[Records from a data collection]
= = =
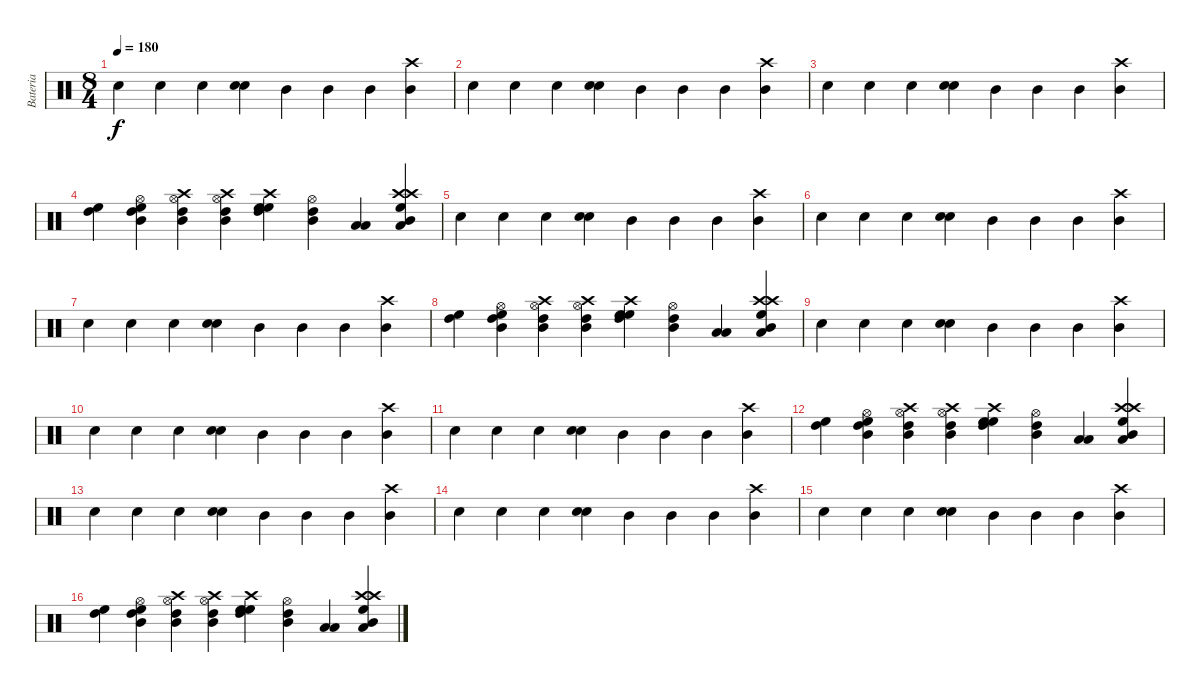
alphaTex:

\track ("Bateria" "Bateria") {instrument percussion}
\staff {score}
\articulation defaults
\ts (8 4)
\tempo 180
\clef neutral
\ks c "Snare (hit) 2".4{dy f} "Snare (hit) 2".4 "Snare (hit) 2".4
("Snare (hit) 2" "Snare (hit) 2").4 "Mid Tom (hit)".4 "Mid Tom (hit)".4 "Mid Tom (hit)".4 ("Mid Tom (hit)" "Crash high (hit)").4 |
"Snare (hit) 2".4 "Snare (hit) 2".4 "Snare (hit) 2".4 ("Snare (hit) 2" "Snare (hit) 2").4 "Mid Tom (hit)".4 "Mid Tom (hit)".4 "Mid Tom (hit)".4 ("Mid Tom (hit)" "Crash high (hit)").4 |
"Snare (hit) 2".4 "Snare (hit) 2".4 "Snare (hit) 2".4 ("Snare (hit) 2" "Snare (hit) 2").4 "Mid Tom (hit)".4 "Mid Tom (hit)".4 "Mid Tom (hit)".4 ("Mid Tom (hit)" "Crash high (hit)").4 |
("High Tom (hit)" "High Floor Tom (hit)").4 ("High Tom (hit)" "Mid Tom (hit)" "Hi-Hat (open)" "High Floor Tom (hit)").4 ("High Tom (hit)" "Crash high (hit)" "Mid Tom (hit)" "Hi-Hat (open)").4 ("Crash high (hit)" "High Tom (hit)" "Mid Tom (hit)" "Hi-Hat (open)").4 ("High Tom (hit)" "Crash high (hit)" "High Floor Tom (hit)" "High Floor Tom (hit)").4 ("Mid Tom (hit)" "High Tom (hit)" "Hi-Hat (open)").4 ("Low Tom (hit)" "Low Tom (hit)").4 ("Crash high (hit)" "Mid Tom (hit)" "High Floor Tom (hit)" "Crash high (hit)" "Low Tom (hit)").4 |
"Snare (hit) 2".4 "Snare (hit) 2".4 "Snare (hit) 2".4 ("Snare (hit) 2" "Snare (hit) 2").4 "Mid Tom (hit)".4 "Mid Tom (hit)".4 "Mid Tom (hit)".4 ("Mid Tom (hit)" "Crash high (hit)").4 |
"Snare (hit) 2".4 "Snare (hit) 2".4 "Snare (hit) 2".4 ("Snare (hit) 2" "Snare (hit) 2").4 "Mid Tom (hit)".4 "Mid Tom (hit)".4 "Mid Tom (hit)".4 ("Mid Tom (hit)" "Crash high (hit)").4 |
"Snare (hit) 2".4 "Snare (hit) 2".4 "Snare (hit) 2".4 ("Snare (hit) 2" "Snare (hit) 2").4 "Mid Tom (hit)".4 "Mid Tom (hit)".4 "Mid Tom (hit)".4 ("Mid Tom (hit)" "Crash high (hit)").4 |
("High Tom (hit)" "High Floor Tom (hit)").4 ("High Tom (hit)" "Mid Tom (hit)" "Hi-Hat (open)" "High Floor Tom (hit)").4 ("High Tom (hit)" "Crash high (hit)" "Mid Tom (hit)" "Hi-Hat (open)").4 ("Crash high (hit)" "High Tom (hit)" "Mid Tom (hit)" "Hi-Hat (open)").4 ("High Tom (hit)" "Crash high (hit)" "High Floor Tom (hit)" "High Floor Tom (hit)").4 ("Mid Tom (hit)" "High Tom (hit)" "Hi-Hat (open)").4 ("Low Tom (hit)" "Low Tom (hit)").4 ("Crash high (hit)" "Mid Tom (hit)" "High Floor Tom (hit)" "Crash high (hit)" "Low Tom (hit)").4 |
"Snare (hit) 2".4 "Snare (hit) 2".4 "Snare (hit) 2".4 ("Snare (hit) 2" "Snare (hit) 2").4 "Mid Tom (hit)".4 "Mid Tom (hit)".4 "Mid Tom (hit)".4 ("Mid Tom (hit)" "Crash high (hit)").4 |
"Snare (hit) 2".4 "Snare (hit) 2".4 "Snare (hit) 2".4 ("Snare (hit) 2" "Snare (hit) 2").4 "Mid Tom (hit)".4 "Mid Tom (hit)".4 "Mid Tom (hit)".4 ("Mid Tom (hit)" "Crash high (hit)").4 |
"Snare (hit) 2".4 "Snare (hit) 2".4 "Snare (hit) 2".4 ("Snare (hit) 2" "Snare (hit) 2").4 "Mid Tom (hit)".4 "Mid Tom (hit)".4 "Mid Tom (hit)".4 ("Mid Tom (hit)" "Crash high (hit)").4 |
("High Tom (hit)" "High Floor Tom (hit)").4 ("High Tom (hit)" "Mid Tom (hit)" "Hi-Hat (open)" "High Floor Tom (hit)").4 ("High Tom (hit)" "Crash high (hit)" "Mid Tom (hit)" "Hi-Hat (open)").4 ("Crash high (hit)" "High Tom (hit)" "Mid Tom (hit)" "Hi-Hat (open)").4 ("High Tom (hit)" "Crash high (hit)" "High Floor Tom (hit)" "High Floor Tom (hit)").4 ("Mid Tom (hit)" "High Tom (hit)" "Hi-Hat (open)").4 ("Low Tom (hit)" "Low Tom (hit)").4 ("Crash high (hit)" "Mid Tom (hit)" "High Floor Tom (hit)" "Crash high (hit)" "Low Tom (hit)").4 |
"Snare (hit) 2".4 "Snare (hit) 2".4 "Snare (hit) 2".4 ("Snare (hit) 2" "Snare (hit) 2").4 "Mid Tom (hit)".4 "Mid Tom (hit)".4 "Mid Tom (hit)".4 ("Mid Tom (hit)" "Crash high (hit)").4 |
"Snare (hit) 2".4 "Snare (hit) 2".4 "Snare (hit) 2".4 ("Snare (hit) 2" "Snare (hit) 2").4 "Mid Tom (hit)".4 "Mid Tom (hit)".4 "Mid Tom (hit)".4 ("Mid Tom (hit)" "Crash high (hit)").4 |
"Snare (hit) 2".4 "Snare (hit) 2".4 "Snare (hit) 2".4 ("Snare (hit) 2" "Snare (hit) 2").4 "Mid Tom (hit)".4 "Mid Tom (hit)".4 "Mid Tom (hit)".4 ("Mid Tom (hit)" "Crash high (hit)").4 |
("High Tom (hit)" "High Floor Tom (hit)").4 ("High Tom (hit)" "Mid Tom (hit)" "Hi-Hat (open)" "High Floor Tom (hit)").4 ("High Tom (hit)" "Crash high (hit)" "Mid Tom (hit)" "Hi-Hat (open)").4 ("Crash high (hit)" "High Tom (hit)" "Mid Tom (hit)" "Hi-Hat (open)").4 ("High Tom (hit)" "Crash high (hit)" "High Floor Tom (hit)" "High Floor Tom (hit)").4 ("Mid Tom (hit)" "High Tom (hit)" "Hi-Hat (open)").4 ("Low Tom (hit)" "Low Tom (hit)").4 ("Crash high (hit)" "Mid Tom (hit)" "High Floor Tom (hit)" "Crash high (hit)" "Low Tom (hit)").4
= = =
EXERCISE:
Your task is to copy the entries in full and exactly, without any images.

RESULT BELOW:
alphaTex:

\track ("Bateria" "Bateria") {instrument percussion}
\staff {score}
\articulation defaults
\ts (8 4)
\tempo 180
\clef neutral
\ks c "Snare (hit) 2".4{dy f} "Snare (hit) 2".4 "Snare (hit) 2".4
("Snare (hit) 2" "Snare (hit) 2").4 "Mid Tom (hit)".4 "Mid Tom (hit)".4 "Mid Tom (hit)".4 ("Mid Tom (hit)" "Crash high (hit)").4 |
"Snare (hit) 2".4 "Snare (hit) 2".4 "Snare (hit) 2".4 ("Snare (hit) 2" "Snare (hit) 2").4 "Mid Tom (hit)".4 "Mid Tom (hit)".4 "Mid Tom (hit)".4 ("Mid Tom (hit)" "Crash high (hit)").4 |
"Snare (hit) 2".4 "Snare (hit) 2".4 "Snare (hit) 2".4 ("Snare (hit) 2" "Snare (hit) 2").4 "Mid Tom (hit)".4 "Mid Tom (hit)".4 "Mid Tom (hit)".4 ("Mid Tom (hit)" "Crash high (hit)").4 |
("High Tom (hit)" "High Floor Tom (hit)").4 ("High Tom (hit)" "Mid Tom (hit)" "Hi-Hat (open)" "High Floor Tom (hit)").4 ("High Tom (hit)" "Crash high (hit)" "Mid Tom (hit)" "Hi-Hat (open)").4 ("Crash high (hit)" "High Tom (hit)" "Mid Tom (hit)" "Hi-Hat (open)").4 ("High Tom (hit)" "Crash high (hit)" "High Floor Tom (hit)" "High Floor Tom (hit)").4 ("Mid Tom (hit)" "High Tom (hit)" "Hi-Hat (open)").4 ("Low Tom (hit)" "Low Tom (hit)").4 ("Crash high (hit)" "Mid Tom (hit)" "High Floor Tom (hit)" "Crash high (hit)" "Low Tom (hit)").4 |
"Snare (hit) 2".4 "Snare (hit) 2".4 "Snare (hit) 2".4 ("Snare (hit) 2" "Snare (hit) 2").4 "Mid Tom (hit)".4 "Mid Tom (hit)".4 "Mid Tom (hit)".4 ("Mid Tom (hit)" "Crash high (hit)").4 |
"Snare (hit) 2".4 "Snare (hit) 2".4 "Snare (hit) 2".4 ("Snare (hit) 2" "Snare (hit) 2").4 "Mid Tom (hit)".4 "Mid Tom (hit)".4 "Mid Tom (hit)".4 ("Mid Tom (hit)" "Crash high (hit)").4 |
"Snare (hit) 2".4 "Snare (hit) 2".4 "Snare (hit) 2".4 ("Snare (hit) 2" "Snare (hit) 2").4 "Mid Tom (hit)".4 "Mid Tom (hit)".4 "Mid Tom (hit)".4 ("Mid Tom (hit)" "Crash high (hit)").4 |
("High Tom (hit)" "High Floor Tom (hit)").4 ("High Tom (hit)" "Mid Tom (hit)" "Hi-Hat (open)" "High Floor Tom (hit)").4 ("High Tom (hit)" "Crash high (hit)" "Mid Tom (hit)" "Hi-Hat (open)").4 ("Crash high (hit)" "High Tom (hit)" "Mid Tom (hit)" "Hi-Hat (open)").4 ("High Tom (hit)" "Crash high (hit)" "High Floor Tom (hit)" "High Floor Tom (hit)").4 ("Mid Tom (hit)" "High Tom (hit)" "Hi-Hat (open)").4 ("Low Tom (hit)" "Low Tom (hit)").4 ("Crash high (hit)" "Mid Tom (hit)" "High Floor Tom (hit)" "Crash high (hit)" "Low Tom (hit)").4 |
"Snare (hit) 2".4 "Snare (hit) 2".4 "Snare (hit) 2".4 ("Snare (hit) 2" "Snare (hit) 2").4 "Mid Tom (hit)".4 "Mid Tom (hit)".4 "Mid Tom (hit)".4 ("Mid Tom (hit)" "Crash high (hit)").4 |
"Snare (hit) 2".4 "Snare (hit) 2".4 "Snare (hit) 2".4 ("Snare (hit) 2" "Snare (hit) 2").4 "Mid Tom (hit)".4 "Mid Tom (hit)".4 "Mid Tom (hit)".4 ("Mid Tom (hit)" "Crash high (hit)").4 |
"Snare (hit) 2".4 "Snare (hit) 2".4 "Snare (hit) 2".4 ("Snare (hit) 2" "Snare (hit) 2").4 "Mid Tom (hit)".4 "Mid Tom (hit)".4 "Mid Tom (hit)".4 ("Mid Tom (hit)" "Crash high (hit)").4 |
("High Tom (hit)" "High Floor Tom (hit)").4 ("High Tom (hit)" "Mid Tom (hit)" "Hi-Hat (open)" "High Floor Tom (hit)").4 ("High Tom (hit)" "Crash high (hit)" "Mid Tom (hit)" "Hi-Hat (open)").4 ("Crash high (hit)" "High Tom (hit)" "Mid Tom (hit)" "Hi-Hat (open)").4 ("High Tom (hit)" "Crash high (hit)" "High Floor Tom (hit)" "High Floor Tom (hit)").4 ("Mid Tom (hit)" "High Tom (hit)" "Hi-Hat (open)").4 ("Low Tom (hit)" "Low Tom (hit)").4 ("Crash high (hit)" "Mid Tom (hit)" "High Floor Tom (hit)" "Crash high (hit)" "Low Tom (hit)").4 |
"Snare (hit) 2".4 "Snare (hit) 2".4 "Snare (hit) 2".4 ("Snare (hit) 2" "Snare (hit) 2").4 "Mid Tom (hit)".4 "Mid Tom (hit)".4 "Mid Tom (hit)".4 ("Mid Tom (hit)" "Crash high (hit)").4 |
"Snare (hit) 2".4 "Snare (hit) 2".4 "Snare (hit) 2".4 ("Snare (hit) 2" "Snare (hit) 2").4 "Mid Tom (hit)".4 "Mid Tom (hit)".4 "Mid Tom (hit)".4 ("Mid Tom (hit)" "Crash high (hit)").4 |
"Snare (hit) 2".4 "Snare (hit) 2".4 "Snare (hit) 2".4 ("Snare (hit) 2" "Snare (hit) 2").4 "Mid Tom (hit)".4 "Mid Tom (hit)".4 "Mid Tom (hit)".4 ("Mid Tom (hit)" "Crash high (hit)").4 |
("High Tom (hit)" "High Floor Tom (hit)").4 ("High Tom (hit)" "Mid Tom (hit)" "Hi-Hat (open)" "High Floor Tom (hit)").4 ("High Tom (hit)" "Crash high (hit)" "Mid Tom (hit)" "Hi-Hat (open)").4 ("Crash high (hit)" "High Tom (hit)" "Mid Tom (hit)" "Hi-Hat (open)").4 ("High Tom (hit)" "Crash high (hit)" "High Floor Tom (hit)" "High Floor Tom (hit)").4 ("Mid Tom (hit)" "High Tom (hit)" "Hi-Hat (open)").4 ("Low Tom (hit)" "Low Tom (hit)").4 ("Crash high (hit)" "Mid Tom (hit)" "High Floor Tom (hit)" "Crash high (hit)" "Low Tom (hit)").4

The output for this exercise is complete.